I am using Watson Personality Insights to get results from a body of text. The results I am getting from the Node.js Personality insights demo are different from the results I get when using the Python SDK.
Python script:
with open('input_file.txt', encoding='utf-8') as input_file:
profile = personality_insights.profile(
input_file.read(), content_type='text/plain;charset=utf-8',
raw_scores=True, consumption_preferences=True)
print(profile)
Python output: (adding only agreeableness scores to stay under character limit)
{
"trait_id": "big5_agreeableness",
"name": "Agreeableness",
"category": "personality",
"percentile": 0.2641097108346445,
"raw_score": 0.717124182764663,
"children": [{
"trait_id": "facet_altruism",
"name": "Altruism",
"category": "personality",
"percentile": 0.5930367181429955,
"raw_score": 0.7133462509414262
},
{
"trait_id": "facet_cooperation",
"name": "Cooperation",
"category": "personality",
"percentile": 0.49207238025136585,
"raw_score": 0.5781918028043768
},
{
"trait_id": "facet_modesty",
"name": "Modesty",
"category": "personality",
"percentile": 0.7504251965616365,
"raw_score": 0.4840369062774408
},
{
"trait_id": "facet_morality",
"name": "Uncompromising",
"category": "personality",
"percentile": 0.4144135962141314,
"raw_score": 0.6156094284542545
},
{
"trait_id": "facet_sympathy",
"name": "Sympathy",
"category": "personality",
"percentile": 0.8204286367393345,
"raw_score": 0.6984933017082747
},
{
"trait_id": "facet_trust",
"name": "Trust",
"category": "personality",
"percentile": 0.5357101531393991,
"raw_score": 0.5894943830064112
}
]
}
Node.js script:
fs.readFile('input_file.txt', 'utf-8', function (err,data) {
var params={};
params.text=data;
params.content_type='text/plain; charset=utf-8';
params.raw_scores=true;
params.consumption_preferences=true;
personality_insights.profile(params, function(error, response) {
console.log(JSON.stringify(response));
});
});
Node.js output:
{
"id": "Agreeableness",
"name": "Agreeableness",
"category": "personality",
"percentage": 0.2798027409516949,
"sampling_error": 0.101059064,
"children": [{
"id": "Altruism",
"name": "Altruism",
"category": "personality",
"percentage": 0.597937110939136,
"sampling_error": 0.07455418080000001
}, {
"id": "Cooperation",
"name": "Cooperation",
"category": "personality",
"percentage": 0.46813215597029234,
"sampling_error": 0.0832951302
}, {
"id": "Modesty",
"name": "Modesty",
"category": "personality",
"percentage": 0.7661123497302398,
"sampling_error": 0.0594182198
}, {
"id": "Morality",
"name": "Uncompromising",
"category": "personality",
"percentage": 0.42178661415240626,
"sampling_error": 0.0662383546
}, {
"id": "Sympathy",
"name": "Sympathy",
"category": "personality",
"percentage": 0.8252000440378008,
"sampling_error": 0.1022423736
}, {
"id": "Trust",
"name": "Trust",
"category": "personality",
"percentage": 0.5190032062613837,
"sampling_error": 0.0600995984
}]
}
The input file for both is the same:
Operations at ports in the U.S. Southeast are shut as the region copes with the changing path of one hurricane even as another is churning toward the region.

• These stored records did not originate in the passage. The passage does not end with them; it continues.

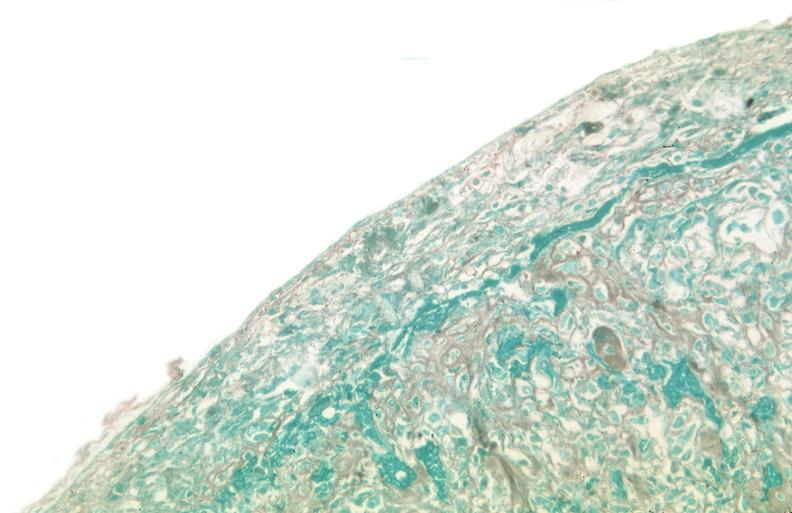s respiratory present?
Answer the question using a single word or phrase. Yes 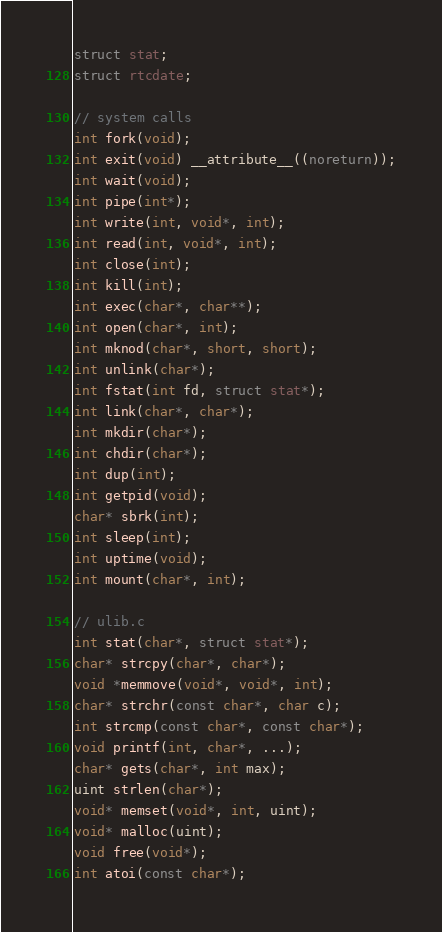<code> <loc_0><loc_0><loc_500><loc_500><_C_>struct stat;
struct rtcdate;

// system calls
int fork(void);
int exit(void) __attribute__((noreturn));
int wait(void);
int pipe(int*);
int write(int, void*, int);
int read(int, void*, int);
int close(int);
int kill(int);
int exec(char*, char**);
int open(char*, int);
int mknod(char*, short, short);
int unlink(char*);
int fstat(int fd, struct stat*);
int link(char*, char*);
int mkdir(char*);
int chdir(char*);
int dup(int);
int getpid(void);
char* sbrk(int);
int sleep(int);
int uptime(void);
int mount(char*, int);

// ulib.c
int stat(char*, struct stat*);
char* strcpy(char*, char*);
void *memmove(void*, void*, int);
char* strchr(const char*, char c);
int strcmp(const char*, const char*);
void printf(int, char*, ...);
char* gets(char*, int max);
uint strlen(char*);
void* memset(void*, int, uint);
void* malloc(uint);
void free(void*);
int atoi(const char*);
</code> 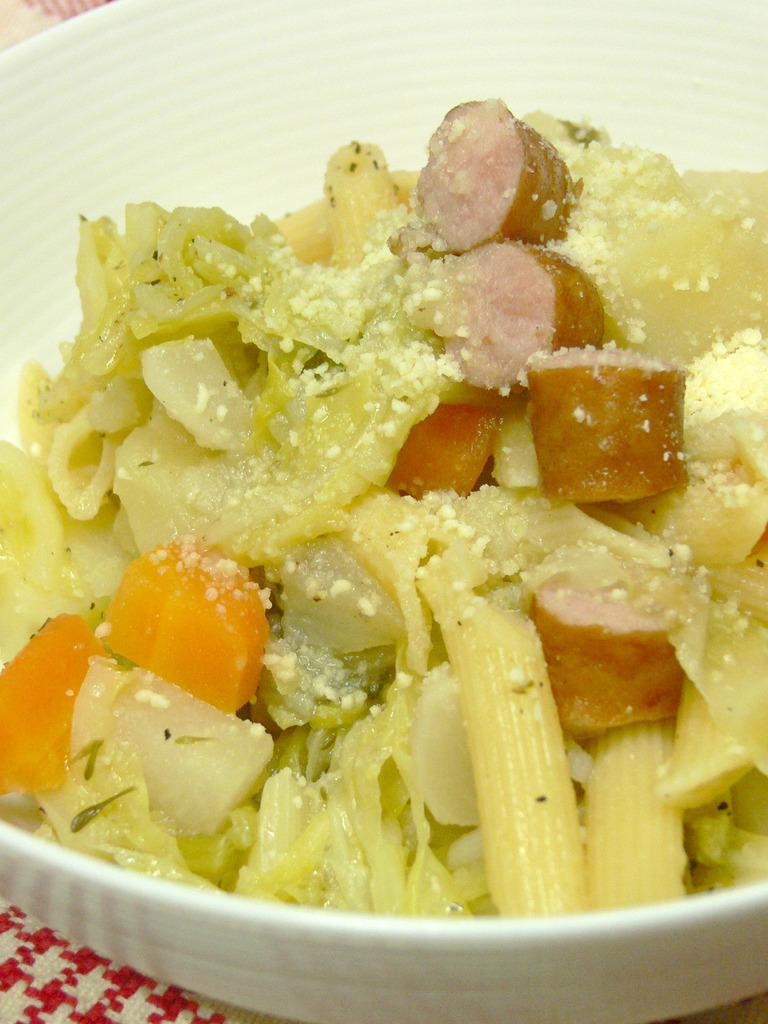What is the main piece of furniture in the image? There is a table in the image. What is placed on the table? There is a bowl on the table. What is inside the bowl? There is a food item in the bowl. What type of quill is used to stir the food in the bowl? There is no quill present in the image, and the food item does not require stirring. 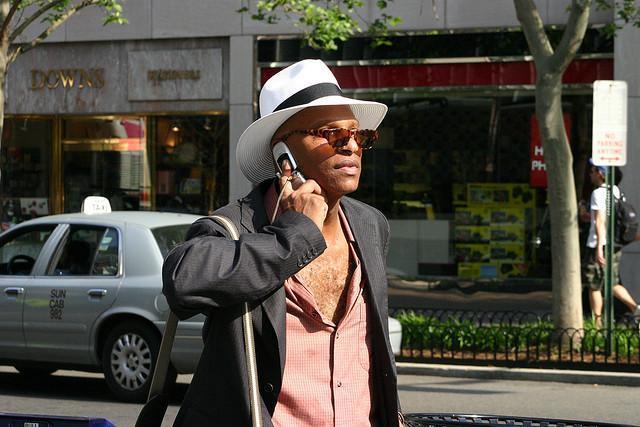How many buttons are done up?
Give a very brief answer. 2. How many people are visible?
Give a very brief answer. 2. 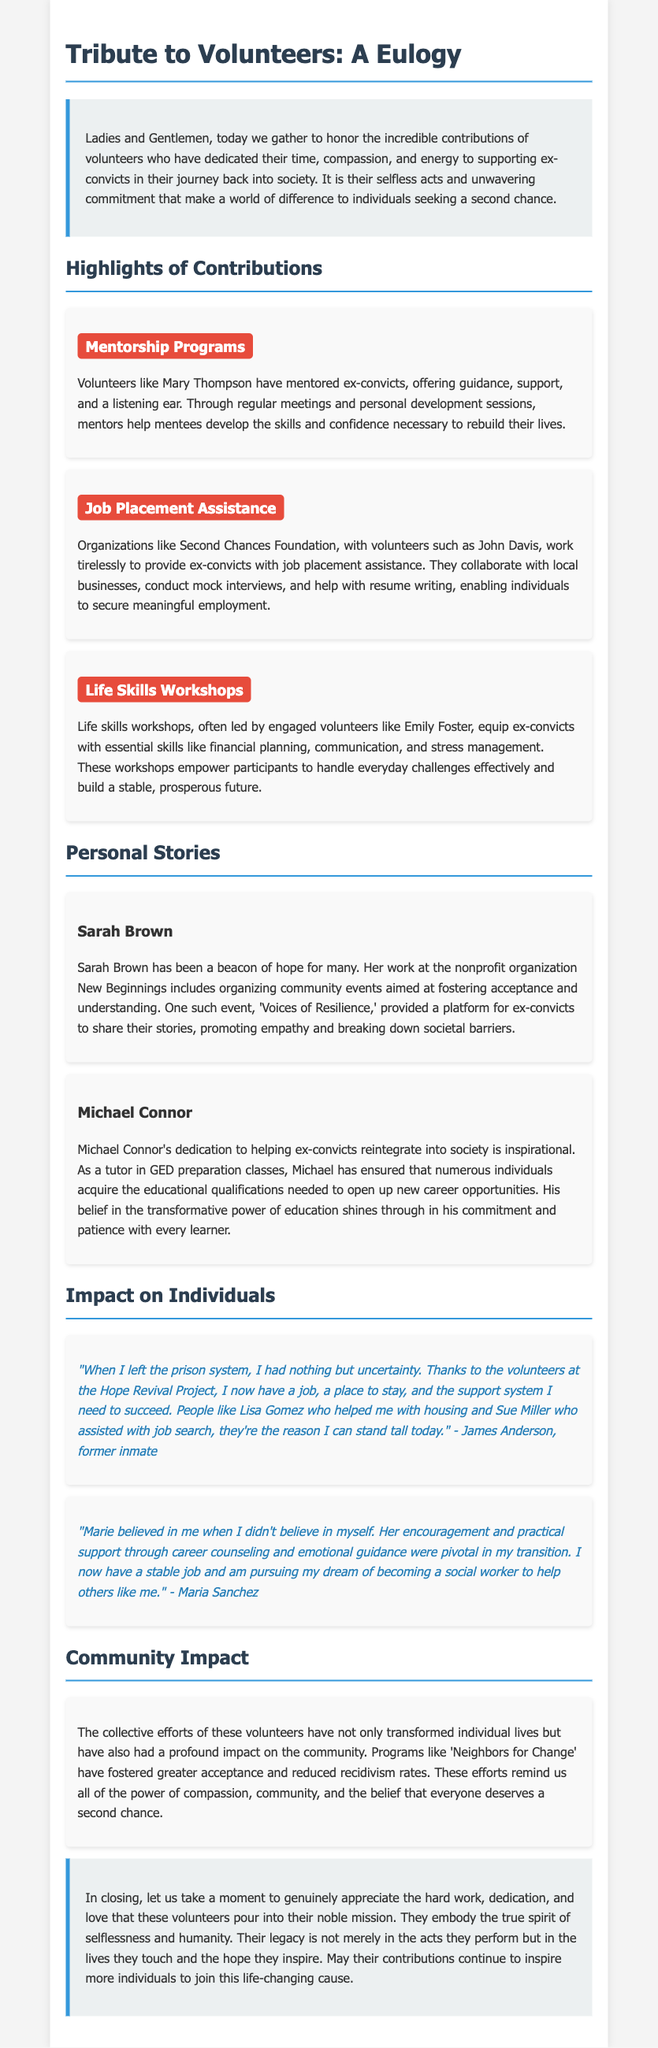What is the main purpose of the eulogy? The eulogy is dedicated to honoring volunteers who support ex-convicts in their re-entry process.
Answer: honoring volunteers Who is highlighted for leading Life Skills Workshops? Emily Foster is mentioned as a volunteer leading these workshops.
Answer: Emily Foster What event did Sarah Brown organize? Sarah Brown organized a community event called 'Voices of Resilience.'
Answer: 'Voices of Resilience' Which organization worked with John Davis on job placement? The organization mentioned is the Second Chances Foundation.
Answer: Second Chances Foundation What essential skills do Life Skills Workshops cover? The workshops cover financial planning, communication, and stress management.
Answer: financial planning, communication, and stress management How did the volunteers impact recidivism rates? Their efforts have helped reduce recidivism rates in the community.
Answer: reduced recidivism rates What is the quote from James Anderson expressing gratitude for? James Anderson's quote expresses gratitude for the support he received in finding a job and housing.
Answer: finding a job and housing What theme is emphasized in the conclusion of the eulogy? The conclusion emphasizes the themes of selflessness and humanity in the volunteers’ work.
Answer: selflessness and humanity

Hurricane Irma was downgraded to a Category 1 storm as it pushed up through western and central Florida, the WSJ’s Arian Campo-Flores and Joseph De Avila report. That put the Port Tampa Bay in its path but left major trade gateways on the Atlantic coast, including Jacksonville, Georgia’s Port of Savannah and South Carolina Port of Charleston largely outside the storm’s strongest force. The second Category 4 storm to reach the U.S. this season lashed the Miami area with powerful winds and sheets of rain, and both Florida coasts were preparing for severe storm surges and flooding as it headed north and likely toward Georgia. With the storm following so soon after Hurricane Harvey hit the Gulf Coast and a third storm, Jose, heading north, the U.S. issued a rare waiver of the Jones Act, the federal law that prohibits foreign ships from operating in domestic sea routes, the WSJ’s Costas Paris reports. The action will allow foreign tankers to distribute fuel to hurricane-stricken areas.
There is a mismatch in the values received from the two approaches. The values are the same for both the scripts when content_type=text/plain
the addition of the charset=utf-8
attribute does not seem to make a difference in the results received through the Python code.